终于,在第十三个人挑战时,一个三连的老兵,仗着不要命的冲劲儿和一手近身缠抱的笨功夫,死缠烂打,连挨了和尚好几下重的。
嘴角流血了愣是不倒,最后是被扔出去的瞬间死死抱住了和尚一条腿,带着和尚一起倒在地上滚了一身沙子。
“十个!十个回合!算数!”负责计数的战士激动地大喊,嗓子都劈了。
那老兵被拖起来的时候,鼻青脸肿,嘴都在咧,含糊不清地喊:“俺......俺吃到肉了......”
另一边,拼刺的场子完全是另一种风格。
昌宇帆站在那里,像块沉在水底的老礁石。
他手里的木枪枪尖包了点棉布,但刺出去时带起的“呜”声可一点不含糊。
“稳,准,狠。只盯那靶心,记住,它就是你仇人的心窝子。”昌宇帆的声音不高,却能清晰地穿透周围练枪的嘈杂。
考核很简单:一根三米长的木杆头上顶着人头大小的牛皮靶子,靶心是个红点。
木杆由两名战士平端着,模拟敌人端着刺刀对峙。
挑战者需要上前,在保证自己不被“敌人”刺中的前提下,用木枪刺中对面固定的靶心十次,身体或枪身不能碰到木杆。
这考的不是纯力气,是极致的稳定和胆气。
要顶着“敌人”直愣愣刺来的压力,把枪尖精确无比、不差分毫地扎进拳头大小的红点里。
一次失误,碰到杆子就算“被刺中”,直接重来。
刺偏了没中红心,不算。
第一个上去的是个自认手快的老兵。
他一声低吼,挺枪直刺,动作倒是快。
可那端着靶杆的战士下意识想躲避刺来的枪尖,靶杆一晃。
“当啷”,刺出去的枪尖撞在了靶杆中部,歪了。
“被‘杀’了。”昌宇帆淡淡地说了一句,眼神没半点波澜。
老兵臊得满脸通红,退了下去。
第二个机灵点,没急着刺,虚晃一下吸引靶杆晃动,想趁着靶杆晃动没稳时再刺。
但时机哪有那么好抓?刺过去的枪尖被轻微晃动的靶杆一带,“啪”一声,刺中红点边缘,偏了半寸。
“未中要害。不算。力道、角度都要练,这不是耍花枪。”昌宇帆还是一句评点。
接连上去好几个,不是被晃动的“刺刀”干扰得乱了心神刺歪,就是枪尖撞上靶杆。
场边不少围观的战士手心都替他们捏着汗,那靶心红点被阳光照着,显得格外小而遥远。
突然,一个瘦高个走上前。
是四连一排排长韩岳。
他是独立营的老侦察,平时话不多。
他没喊,只是深吸一口气,端平了木枪。
身体微微下沉,肩膀放松得如同睡熟,但脚底下像生了根。
靶杆动了!
两名战士稳稳端着刺来。
韩岳的目光死死锁定对面那个红点,整个世界里仿佛只剩下那个红点。
他甚至忽略了直刺而来的木杆!枪尖闪电般探出,“噗”,一声沉闷的响动,稳稳扎在红点正中央!

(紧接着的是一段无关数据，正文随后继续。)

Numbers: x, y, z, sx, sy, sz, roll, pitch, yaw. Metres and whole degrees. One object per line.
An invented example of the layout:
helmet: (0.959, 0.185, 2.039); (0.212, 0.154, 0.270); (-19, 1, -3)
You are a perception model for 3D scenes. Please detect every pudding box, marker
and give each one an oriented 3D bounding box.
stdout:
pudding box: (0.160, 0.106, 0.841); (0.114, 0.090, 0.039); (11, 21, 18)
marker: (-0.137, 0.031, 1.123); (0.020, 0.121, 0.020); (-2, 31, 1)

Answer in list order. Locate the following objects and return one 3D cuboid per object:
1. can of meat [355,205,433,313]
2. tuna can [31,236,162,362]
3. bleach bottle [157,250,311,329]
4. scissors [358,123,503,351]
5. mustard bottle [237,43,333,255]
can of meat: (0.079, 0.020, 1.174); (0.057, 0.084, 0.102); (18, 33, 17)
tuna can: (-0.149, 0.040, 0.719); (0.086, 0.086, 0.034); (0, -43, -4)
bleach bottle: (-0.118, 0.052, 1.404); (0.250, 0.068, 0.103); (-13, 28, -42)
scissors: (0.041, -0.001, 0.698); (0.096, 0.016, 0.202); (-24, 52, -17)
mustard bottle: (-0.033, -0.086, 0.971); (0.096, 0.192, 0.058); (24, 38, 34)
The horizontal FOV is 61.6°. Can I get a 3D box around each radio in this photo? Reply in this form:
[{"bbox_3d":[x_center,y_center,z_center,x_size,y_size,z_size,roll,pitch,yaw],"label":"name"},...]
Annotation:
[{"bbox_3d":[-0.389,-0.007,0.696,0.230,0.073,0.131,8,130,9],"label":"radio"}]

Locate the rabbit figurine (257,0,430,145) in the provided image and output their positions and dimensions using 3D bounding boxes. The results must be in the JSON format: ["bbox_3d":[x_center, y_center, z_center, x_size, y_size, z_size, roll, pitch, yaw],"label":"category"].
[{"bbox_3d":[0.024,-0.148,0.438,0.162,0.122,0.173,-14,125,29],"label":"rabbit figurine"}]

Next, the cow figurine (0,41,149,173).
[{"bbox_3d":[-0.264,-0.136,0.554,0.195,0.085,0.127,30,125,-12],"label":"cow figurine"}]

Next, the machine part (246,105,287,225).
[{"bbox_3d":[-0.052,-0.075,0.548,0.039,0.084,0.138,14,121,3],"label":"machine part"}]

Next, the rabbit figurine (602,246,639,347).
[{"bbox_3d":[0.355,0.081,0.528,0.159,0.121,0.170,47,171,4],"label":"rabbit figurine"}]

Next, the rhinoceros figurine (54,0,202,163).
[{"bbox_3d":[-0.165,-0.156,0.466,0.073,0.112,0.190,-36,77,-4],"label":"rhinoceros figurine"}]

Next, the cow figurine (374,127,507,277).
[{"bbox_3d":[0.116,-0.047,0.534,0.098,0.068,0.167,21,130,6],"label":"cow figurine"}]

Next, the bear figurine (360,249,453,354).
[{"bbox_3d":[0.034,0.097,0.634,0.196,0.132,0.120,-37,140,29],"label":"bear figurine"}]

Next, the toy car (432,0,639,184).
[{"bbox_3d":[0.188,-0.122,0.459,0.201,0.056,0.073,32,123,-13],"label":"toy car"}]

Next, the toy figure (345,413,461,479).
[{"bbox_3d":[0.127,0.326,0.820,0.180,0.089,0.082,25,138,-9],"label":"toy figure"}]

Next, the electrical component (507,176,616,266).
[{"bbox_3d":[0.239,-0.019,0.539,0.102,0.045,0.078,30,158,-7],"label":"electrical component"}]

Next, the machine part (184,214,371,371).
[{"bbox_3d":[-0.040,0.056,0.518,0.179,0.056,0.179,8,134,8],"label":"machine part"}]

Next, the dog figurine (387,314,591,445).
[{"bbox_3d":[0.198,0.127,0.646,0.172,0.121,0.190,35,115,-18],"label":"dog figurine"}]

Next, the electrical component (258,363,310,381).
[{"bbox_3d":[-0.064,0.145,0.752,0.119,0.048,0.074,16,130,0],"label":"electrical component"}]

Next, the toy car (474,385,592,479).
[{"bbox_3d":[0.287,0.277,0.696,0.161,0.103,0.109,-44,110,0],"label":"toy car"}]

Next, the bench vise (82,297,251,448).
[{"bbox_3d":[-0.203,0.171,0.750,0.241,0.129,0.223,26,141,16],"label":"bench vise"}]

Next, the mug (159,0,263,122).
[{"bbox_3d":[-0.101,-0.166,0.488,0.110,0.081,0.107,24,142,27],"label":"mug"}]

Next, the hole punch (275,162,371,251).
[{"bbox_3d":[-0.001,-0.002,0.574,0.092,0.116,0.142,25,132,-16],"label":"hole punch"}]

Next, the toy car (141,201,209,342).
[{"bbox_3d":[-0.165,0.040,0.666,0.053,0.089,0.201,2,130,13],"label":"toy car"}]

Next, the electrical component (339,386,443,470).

紧接着,没有丝毫停顿,“噗、噗、噗......”一连九下,每一枪都像复制粘贴一样,精准地落在那小小的红点上,位置几乎分毫不差!
刺出的枪,手腕像磐石般纹丝不动,任凭对面的靶杆如何规律晃动,他的枪尖总能从最刁钻的角度穿过去,精准点中目标。
十次!
一气呵成!
端着靶杆的战士都忘了晃动,呆呆看着。
场边静了那么一两秒,随即爆发出雷鸣般的叫好!
“好!韩排长这枪神了!”
“看那劲儿!太稳了!”
昌宇帆紧绷的脸上终于露出了一丝极淡的笑意,点了点头,亲自在那块计数的木板上韩岳的名字后面刻下了一个深深的“十”。
这算是板上钉钉,肉管饱了。
有人开了头,后面的人似乎摸到了点门道。
陆续又有几个心稳手细的战士过关,虽然没韩岳那么快那么准,但也扎实地完成了十次准确突刺。
每刺中一次,场边都有人跟着喝一声彩,气氛热烈起来。
手榴弹这边,比拼的是纯粹的“手把式”和巧劲儿。
距离三十步外,挖了三个大小不一的土坑,模拟碉堡射孔。
挑战者需要在规定时间里将三颗训练用木头手榴弹依次投入坑中,用时最短者成绩最好。
老黑班长端着个磨损掉漆的老怀表,一双被烟熏得发黄的手掐着秒。
上去的人大多是先掂量掂量分量,然后铆足了劲扔。
力量是足了,准头可就玄了。
只见那些木疙瘩在天空中划出各种弧线,有的“砰”一声砸在坑边跳飞老远,有的干脆越过坑直接落到后面黄土坡上,只有少数几个能勉强投进去一个或者两个。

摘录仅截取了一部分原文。